Мы думали, что знаем, чего ждать. Но внезапно обнаруживаем, что едем по широкой частной дороге, проложенной в лесу, а между деревьев все отчетливее проступают серые каменные стены с зубцами бойниц. Позади остается поддельный ров, заполненный растениями и кустарниками. По дну бежит ручей, вода колышет буро-зеленые пряди сорной травы и островки цветущих водорослей. На козырьках восседают крупные серо-черные вороны.
Я таращусь по сторонам, пытаясь свыкнуться с мыслью, что теперь это наш дом. И нам здесь жить.
Не могу передать словами, насколько замок Брайана соответствует своему названию. Господи боже, у него даже башенки есть, а еще сады с каменными изгородями и садовник. Он словно сошел со страниц волшебной сказки. Въезжаем внутрь – и замок открывается нам с новой стороны.

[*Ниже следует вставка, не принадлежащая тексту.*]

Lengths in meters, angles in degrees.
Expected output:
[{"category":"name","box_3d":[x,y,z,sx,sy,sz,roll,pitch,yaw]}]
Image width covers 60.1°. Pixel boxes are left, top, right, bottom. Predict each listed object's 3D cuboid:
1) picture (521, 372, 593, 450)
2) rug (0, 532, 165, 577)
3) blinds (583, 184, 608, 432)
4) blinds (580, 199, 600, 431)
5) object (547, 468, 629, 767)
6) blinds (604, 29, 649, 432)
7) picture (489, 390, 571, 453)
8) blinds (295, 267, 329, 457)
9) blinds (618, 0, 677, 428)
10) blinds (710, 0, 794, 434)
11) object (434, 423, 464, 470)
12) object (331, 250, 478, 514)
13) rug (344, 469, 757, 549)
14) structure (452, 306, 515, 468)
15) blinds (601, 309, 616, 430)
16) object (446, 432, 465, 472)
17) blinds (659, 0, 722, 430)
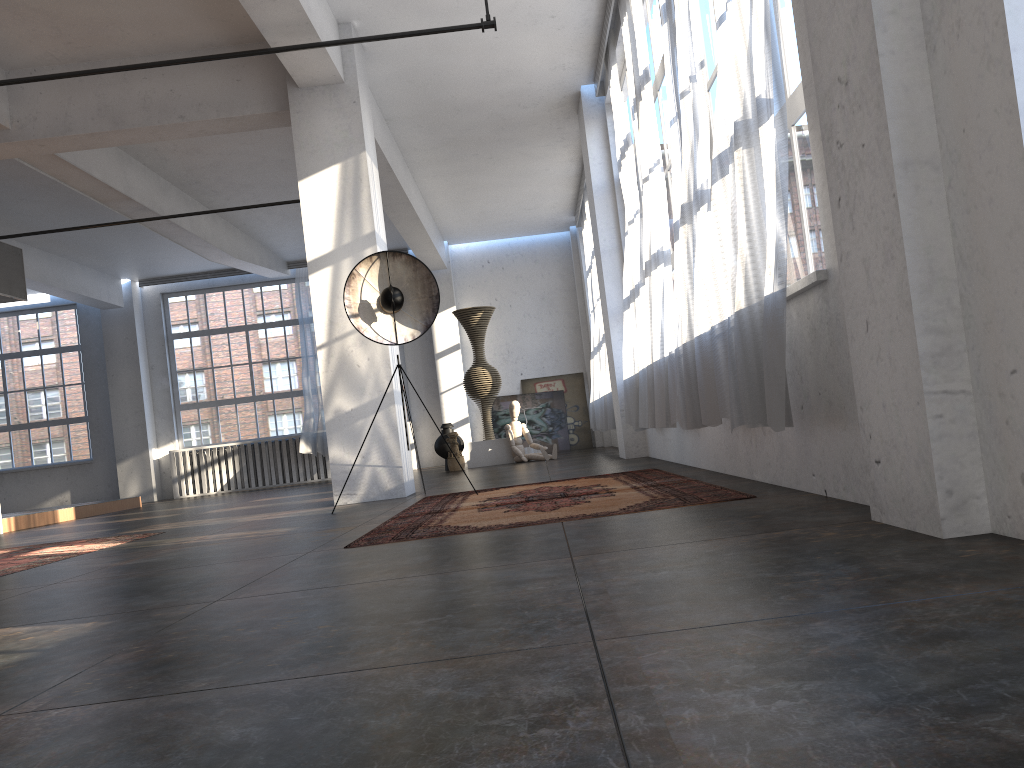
[{"category":"picture","box_3d":[0.811,0.536,16.070,1.148,1.385,0.253,-7,-2,-1]},{"category":"rug","box_3d":[-3.486,1.101,4.991,1.855,0.029,2.887,-7,-3,1]},{"category":"blinds","box_3d":[1.215,-1.157,12.969,0.315,3.710,1.025,-7,-2,0]},{"category":"blinds","box_3d":[1.235,-1.099,14.159,0.340,3.694,1.034,-7,-2,-2]},{"category":"object","box_3d":[-11.978,2.356,5.947,27.213,0.001,19.758,-7,-3,0]},{"category":"blinds","box_3d":[1.076,-1.406,8.367,0.315,3.710,1.025,-7,-2,0]},{"category":"picture","box_3d":[0.294,0.721,15.956,1.434,1.141,0.304,-7,-2,-3]},{"category":"blinds","box_3d":[-3.493,-0.478,15.666,0.692,3.556,0.877,-7,-2,0]},{"category":"blinds","box_3d":[1.005,-1.482,6.866,0.361,3.671,1.032,-7,-2,0]},{"category":"blinds","box_3d":[0.916,-1.665,3.800,0.343,3.747,1.028,-7,-2,-1]},{"category":"object","box_3d":[-0.926,0.927,13.085,0.451,0.692,0.435,-5,-3,-35]},{"category":"object","box_3d":[-0.847,-0.058,6.845,1.056,1.918,1.181,-7,-2,0]},{"category":"rug","box_3d":[0.198,0.684,5.365,1.816,0.009,3.131,-7,-3,0]},{"category":"structure","box_3d":[-0.422,0.056,13.115,0.677,2.324,0.750,-7,-2,0]},{"category":"blinds","box_3d":[1.169,-1.227,11.629,0.361,3.671,1.032,-7,-2,0]},{"category":"object","box_3d":[-0.784,0.963,12.217,0.236,0.600,0.224,-8,-2,28]},{"category":"blinds","box_3d":[0.949,-1.584,5.168,0.340,3.694,1.034,-7,-2,-2]}]
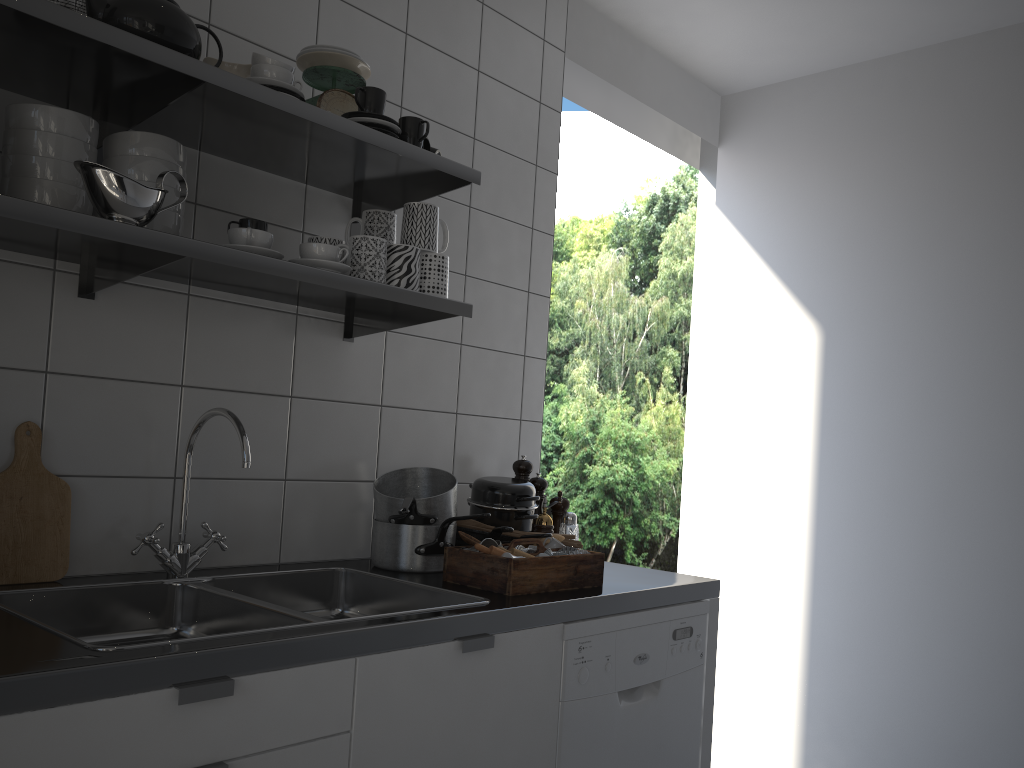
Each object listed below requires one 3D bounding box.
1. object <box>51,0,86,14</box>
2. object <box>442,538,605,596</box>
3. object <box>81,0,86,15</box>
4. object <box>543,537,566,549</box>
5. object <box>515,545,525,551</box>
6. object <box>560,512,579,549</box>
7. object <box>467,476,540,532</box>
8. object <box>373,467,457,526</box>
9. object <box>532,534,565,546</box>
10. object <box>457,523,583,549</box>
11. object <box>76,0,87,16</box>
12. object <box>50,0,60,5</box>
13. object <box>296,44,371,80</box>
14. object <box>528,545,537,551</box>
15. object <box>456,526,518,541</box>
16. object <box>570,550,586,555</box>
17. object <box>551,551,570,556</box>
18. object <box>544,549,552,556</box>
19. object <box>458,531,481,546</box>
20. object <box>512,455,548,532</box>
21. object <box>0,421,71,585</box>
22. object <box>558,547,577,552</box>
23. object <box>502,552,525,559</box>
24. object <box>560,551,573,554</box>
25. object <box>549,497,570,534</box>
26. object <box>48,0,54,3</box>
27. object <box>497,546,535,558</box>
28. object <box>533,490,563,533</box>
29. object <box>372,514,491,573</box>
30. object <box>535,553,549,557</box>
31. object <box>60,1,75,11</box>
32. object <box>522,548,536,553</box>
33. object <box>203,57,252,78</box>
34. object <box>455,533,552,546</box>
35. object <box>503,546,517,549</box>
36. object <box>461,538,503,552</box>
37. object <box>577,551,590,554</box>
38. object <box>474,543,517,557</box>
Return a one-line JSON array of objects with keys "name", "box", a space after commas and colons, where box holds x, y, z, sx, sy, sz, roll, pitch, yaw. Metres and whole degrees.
[{"name": "object", "box": [-0.776, -0.663, 1.562, 0.198, 0.278, 0.379, 2, -4, 25]}, {"name": "object", "box": [0.030, 0.395, 1.976, 0.211, 0.100, 0.301, 0, -6, 44]}, {"name": "object", "box": [-0.786, -0.631, 1.620, 0.020, 0.217, 0.068, 4, -2, -22]}, {"name": "object", "box": [0.093, 0.388, 2.077, 0.053, 0.058, 0.050, 1, -4, 36]}, {"name": "object", "box": [0.021, 0.403, 2.028, 0.035, 0.067, 0.068, 2, -3, 24]}, {"name": "object", "box": [0.156, 0.419, 2.435, 0.069, 0.135, 0.069, 3, -3, 22]}, {"name": "object", "box": [-0.025, 0.326, 2.337, 0.197, 0.159, 0.191, 3, -3, 3]}, {"name": "object", "box": [-0.254, 0.277, 2.050, 0.202, 0.168, 0.372, 2, -4, 19]}, {"name": "object", "box": [0.021, 0.400, 2.067, 0.271, 0.094, 0.050, 7, -4, -43]}, {"name": "object", "box": [0.008, 0.375, 2.191, 0.335, 0.044, 0.064, 3, -4, 9]}, {"name": "object", "box": [-0.769, -0.616, 1.588, 0.023, 0.186, 0.081, 5, -3, -39]}, {"name": "object", "box": [-0.810, -0.616, 1.566, 0.024, 0.175, 0.097, 5, -3, -36]}, {"name": "object", "box": [-0.396, -0.701, 1.966, 0.164, 0.047, 0.163, 3, -4, 2]}, {"name": "object", "box": [0.052, 0.405, 2.069, 0.048, 0.052, 0.048, 3, -3, 16]}, {"name": "object", "box": [-0.036, 0.382, 2.239, 0.246, 0.080, 0.356, 7, -5, -40]}, {"name": "object", "box": [0.149, 0.404, 2.001, 0.069, 0.062, 0.042, 5, -3, -17]}, {"name": "object", "box": [0.113, 0.389, 1.963, 0.053, 0.030, 0.055, 1, -5, 37]}, {"name": "object", "box": [0.082, 0.397, 1.995, 0.034, 0.052, 0.055, 2, -3, 29]}, {"name": "object", "box": [-0.032, 0.390, 2.044, 0.048, 0.106, 0.266, 2, -4, 39]}, {"name": "object", "box": [0.047, 0.344, 2.504, 0.124, 0.282, 0.061, 6, -3, -43]}, {"name": "object", "box": [-0.886, 0.214, 1.614, 0.047, 0.293, 0.158, 2, -3, 42]}, {"name": "object", "box": [0.131, 0.407, 2.039, 0.069, 0.063, 0.040, 4, -3, 0]}, {"name": "object", "box": [0.000, 0.375, 1.847, 0.049, 0.048, 0.048, 6, -4, -37]}, {"name": "object", "box": [0.126, 0.402, 2.017, 0.069, 0.050, 0.053, 3, -3, 4]}, {"name": "object", "box": [0.131, 0.399, 2.506, 0.058, 0.184, 0.058, 4, -2, -19]}, {"name": "object", "box": [-0.823, -0.641, 1.597, 0.085, 0.227, 0.025, 3, -2, 11]}, {"name": "object", "box": [0.065, 0.400, 1.944, 0.220, 0.084, 0.030, 5, -3, -23]}, {"name": "object", "box": [0.092, 0.387, 2.433, 0.058, 0.192, 0.081, 2, -3, 31]}, {"name": "object", "box": [-0.168, 0.365, 2.091, 0.347, 0.153, 0.200, 2, -4, 27]}, {"name": "object", "box": [0.065, 0.387, 1.913, 0.050, 0.043, 0.050, 3, -3, 1]}, {"name": "object", "box": [-0.791, -0.620, 1.580, 0.029, 0.187, 0.153, 5, -3, -34]}, {"name": "object", "box": [0.039, 0.408, 2.015, 0.026, 0.067, 0.068, 2, -3, 34]}, {"name": "object", "box": [-0.561, -0.570, 1.783, 0.127, 0.151, 0.116, 5, -3, -22]}, {"name": "object", "box": [-0.046, 0.394, 2.229, 0.243, 0.082, 0.348, 4, -4, -6]}, {"name": "object", "box": [-0.013, 0.394, 1.990, 0.068, 0.059, 0.054, 1, -4, 38]}, {"name": "object", "box": [-0.068, 0.386, 1.951, 0.084, 0.099, 0.118, 1, -4, 36]}, {"name": "object", "box": [0.154, 0.406, 2.000, 0.069, 0.060, 0.043, 5, -3, -30]}, {"name": "object", "box": [0.019, 0.390, 1.897, 0.217, 0.093, 0.030, 5, -3, -22]}]

Теперь он напоминает коллаж из четырех маленьких замков, которые выстроились вокруг внутреннего дворика с огородом для нужд местной кухни и оранжереей в викторианском стиле. Ну и фонтан имеется, куда же без фонтана? Это ведь замок. Богатство обязывает. В центре, подобно луковице гиацинта на папиной могиле, возвышается стеклянный купол. Крепостные стены надежно защищают нас, вопрос лишь в том, от чего? Они ведь нужны, чтобы пускать пыль в глаза. И я не понимаю, почему кончики пальцев у меня так и зудят и снова и снова ощупывают крупицы соли под истончившейся бумагой. Я скоро в этом несчастном пакетике дыру протру.
Но что нам остается?
Идем ставить чайник.
Боярышник
(для здорового пищеварения и сильного сердца)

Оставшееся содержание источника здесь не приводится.